Et, comme Caton l’Ancien, répétons jusqu’à être entendus : Il n’y a pas de mondialiste de droite !

Aux États-Unis, le parti « démocrate » est désormais un parti socialiste d’extrême gauche. Les démocrates respectables en sont partis en masse. Partout, des comités de « Démocrates pour Trump » s’apprêtent à désobéir aux consignes absurdes. Ils voient que leur ex-parti n’a aucun programme de gouvernement – à part la haine de ­Trump, la fuite en avant vers toujours plus de folie identitaire, la préférence pour les repris de justice étrangers contre les citoyens respectueux des lois, la violence verbale et physique, l’exploitation généreusement subventionnée de tout fait divers afin de créer des émeutes et salir le pouvoir en place.

Président de la loi et de l’ordre, Trump a twitté le slogan électoral : JobsNotMobs (Des emplois, pas la chienlit). C’est l’un des thèmes de la campagne. Trump peut en effet mettre en valeur son économie florissante : croissance à 4,7 %, quasi plein emploi retrouvé, baisse notable des impôts, abolition de centaines de régulations paralysantes. Le contraste est total avec les économies sinistrées de l’Amérique latine socialiste révolutionnaire et les économies poussives et surendettées de l’UE.

Autre thème : Halte à l’assaut contre les institutions par la gauche, qui entend abolir le Collège électoral et même la Cour Suprême.

La gauche ne cache même plus son inclination pour tout ce qui est hors la loi.

Et, bien sûr, la gauche est pour l’abolition des frontières et la submersion du pays par les peuplades du Sud en lesquelles elle ne voit qu’un vivier électoral inépuisable. Elle accuse les nationalistes opposés à l’assaut quasi-militaire des 4 caravanes en marche depuis l’Amérique Centrale vers la frontière sud du pays d’être des « suprémacistes blancs ». Toujours les mêmes idées éculées.

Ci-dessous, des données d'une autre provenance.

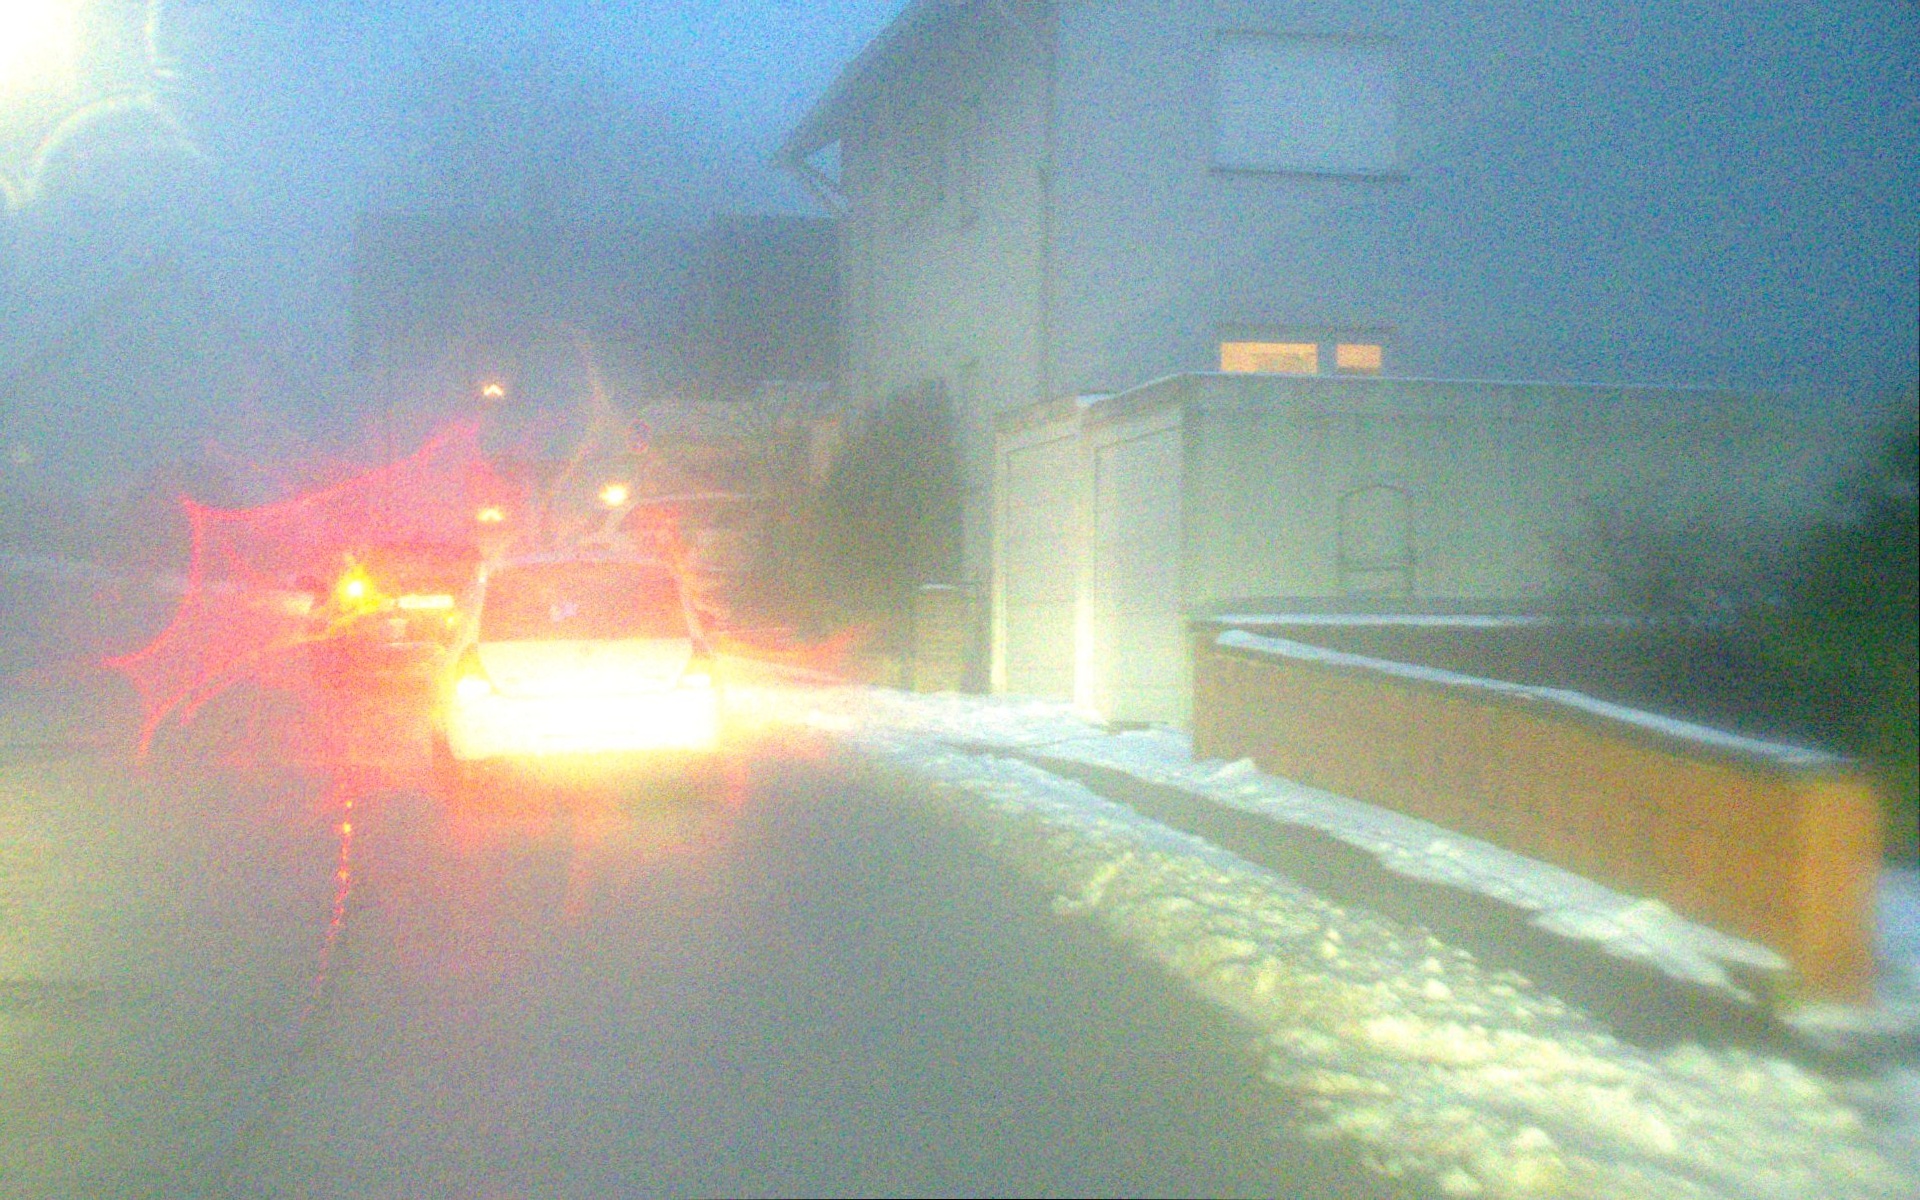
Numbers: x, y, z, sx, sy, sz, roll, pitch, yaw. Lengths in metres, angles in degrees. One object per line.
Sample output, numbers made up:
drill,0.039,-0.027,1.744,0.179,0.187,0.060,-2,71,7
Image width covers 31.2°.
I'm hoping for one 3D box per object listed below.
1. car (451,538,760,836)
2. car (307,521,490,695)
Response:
car,-2.183,0.507,20.813,1.645,1.590,3.700,2,-1,-7
car,-5.636,0.097,34.227,1.645,1.590,3.700,2,-1,-11
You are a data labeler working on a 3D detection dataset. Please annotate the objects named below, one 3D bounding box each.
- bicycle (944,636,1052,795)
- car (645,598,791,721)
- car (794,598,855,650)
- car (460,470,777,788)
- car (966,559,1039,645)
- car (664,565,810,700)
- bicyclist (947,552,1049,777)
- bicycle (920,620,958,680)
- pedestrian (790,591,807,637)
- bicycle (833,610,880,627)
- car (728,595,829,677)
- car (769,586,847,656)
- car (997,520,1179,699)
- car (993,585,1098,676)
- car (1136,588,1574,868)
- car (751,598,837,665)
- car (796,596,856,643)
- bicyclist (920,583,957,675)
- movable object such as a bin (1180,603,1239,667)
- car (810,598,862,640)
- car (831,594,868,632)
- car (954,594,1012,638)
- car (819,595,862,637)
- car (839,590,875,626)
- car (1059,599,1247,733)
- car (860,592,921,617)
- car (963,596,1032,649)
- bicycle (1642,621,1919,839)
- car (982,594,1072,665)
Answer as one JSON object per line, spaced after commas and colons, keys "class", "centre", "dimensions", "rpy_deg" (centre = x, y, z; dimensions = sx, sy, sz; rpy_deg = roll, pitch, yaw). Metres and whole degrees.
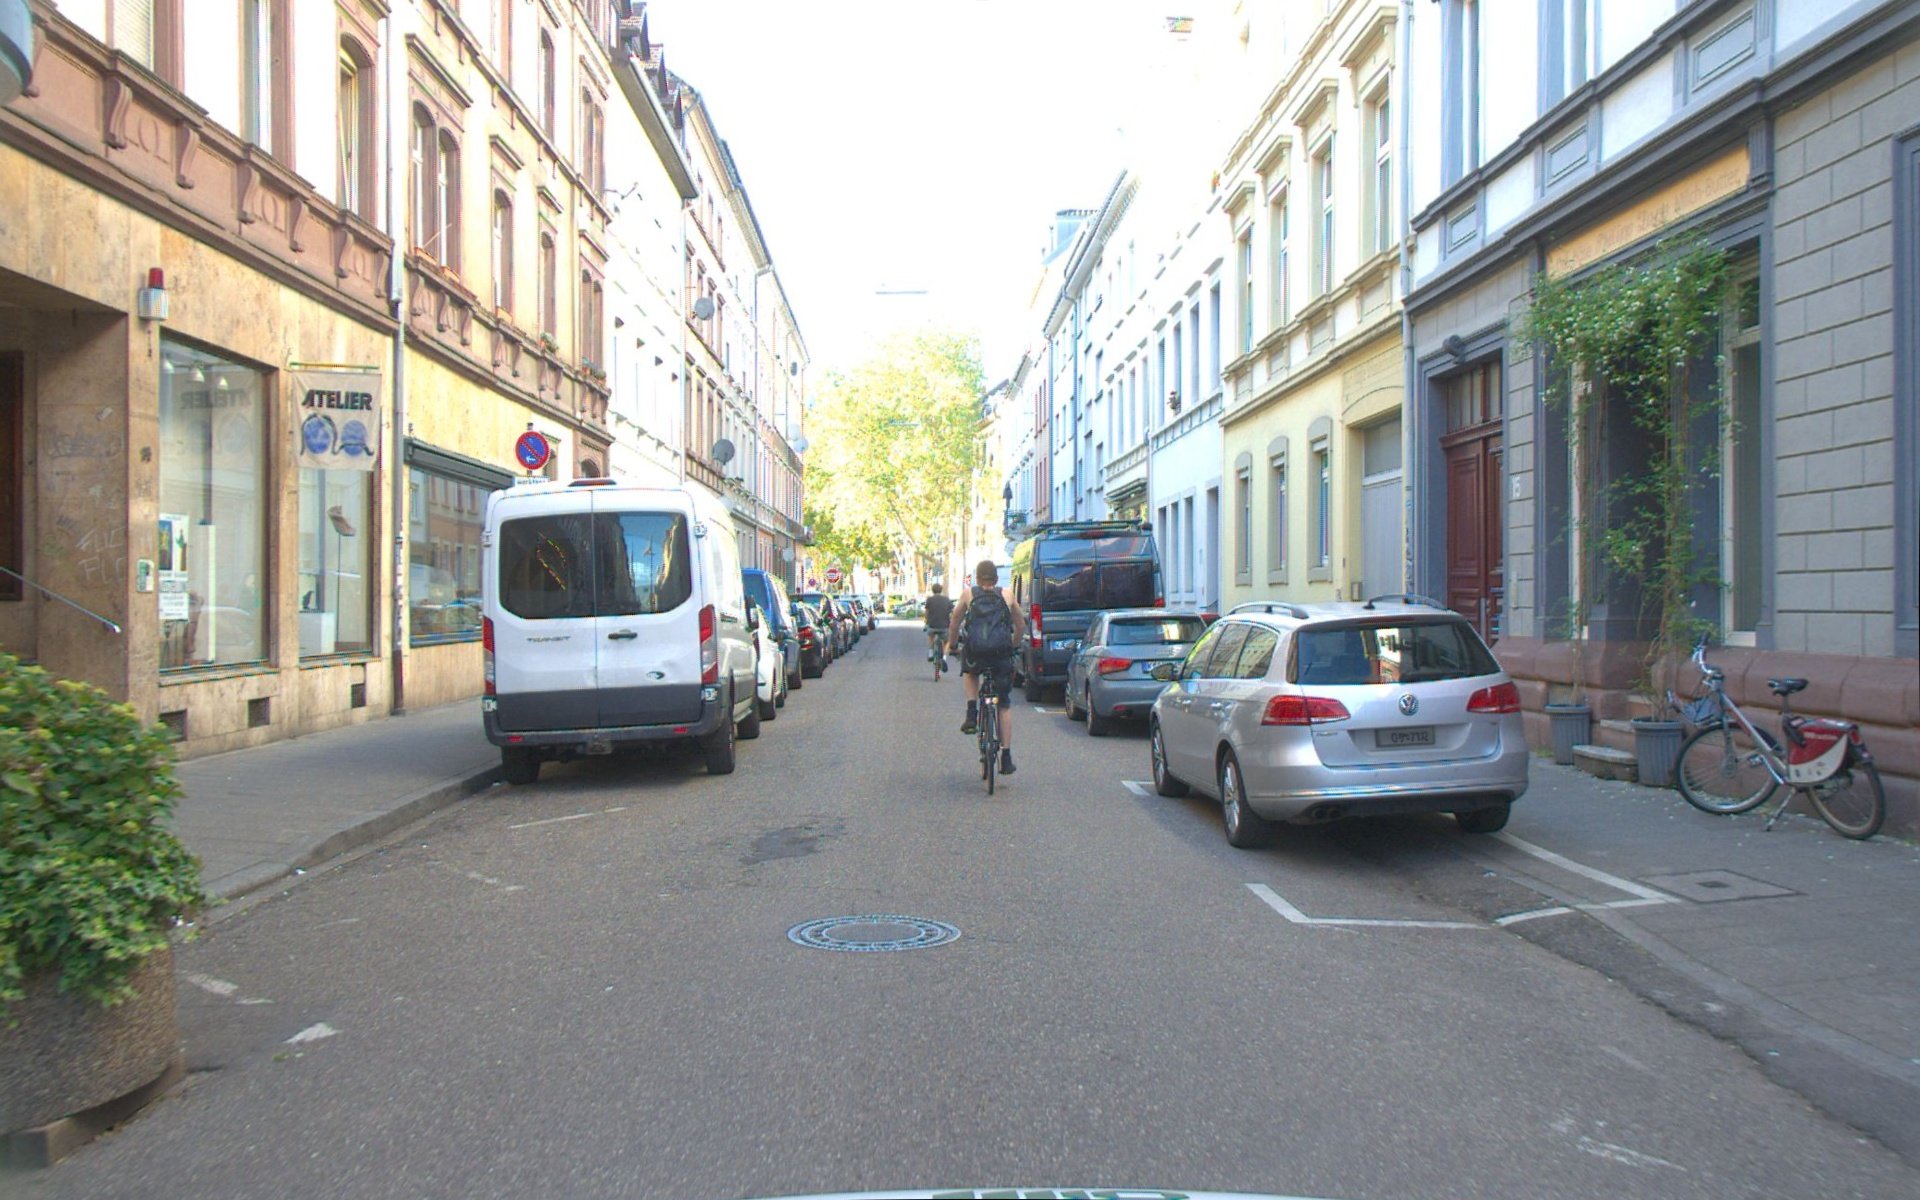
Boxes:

Trump n’espère pas que tous les écervelés, qui n’ont plus de notion du droit, retrouvent quelque bribe de raison, mais il compte sur le bon sens populaire et sur l’indignation de la population.

La gauche folle souhaite un affrontement avec les forces armées dépêchées à la frontière et est prête à sacrifier quelques victimes, pour faire ployer Trump par un effet Malik Oussekine à la puissance mille.

Mais la gauche est encore plus folle de croire que Trump va se laisser prendre à ce piège grossier.

S’il le faut, l’armée ripostera et, d’ores et déjà, lui prépare un décret pour abolir le droit du sol et le Sénateur Graham prépare le projet de loi visant à modifier le 14e Amendement pour rendre ce décret présidentiel pérenne.

Alors, oui, ces élections nous concernent à plusieurs titres : tout exemple venant de la Maison Blanche a du poids !

Les élections de mi-mandat assurent le renouvellement, partiel, des Sénateurs et Représentants du Congrès Fédéral, des gouverneurs des Etats et aussi des élus des 50 congrès locaux. Bien que n’étant pas en lice lui- même, le Président Trump s’est investi au maximum dans ces élections afin de motiver les électeurs paresseux éventuels à aller aux urnes et lui assurer une majorité indispensable à la poursuite du formidable travail de restauration entrepris et déjà couronné de succès dans pratiquement tous les domaines.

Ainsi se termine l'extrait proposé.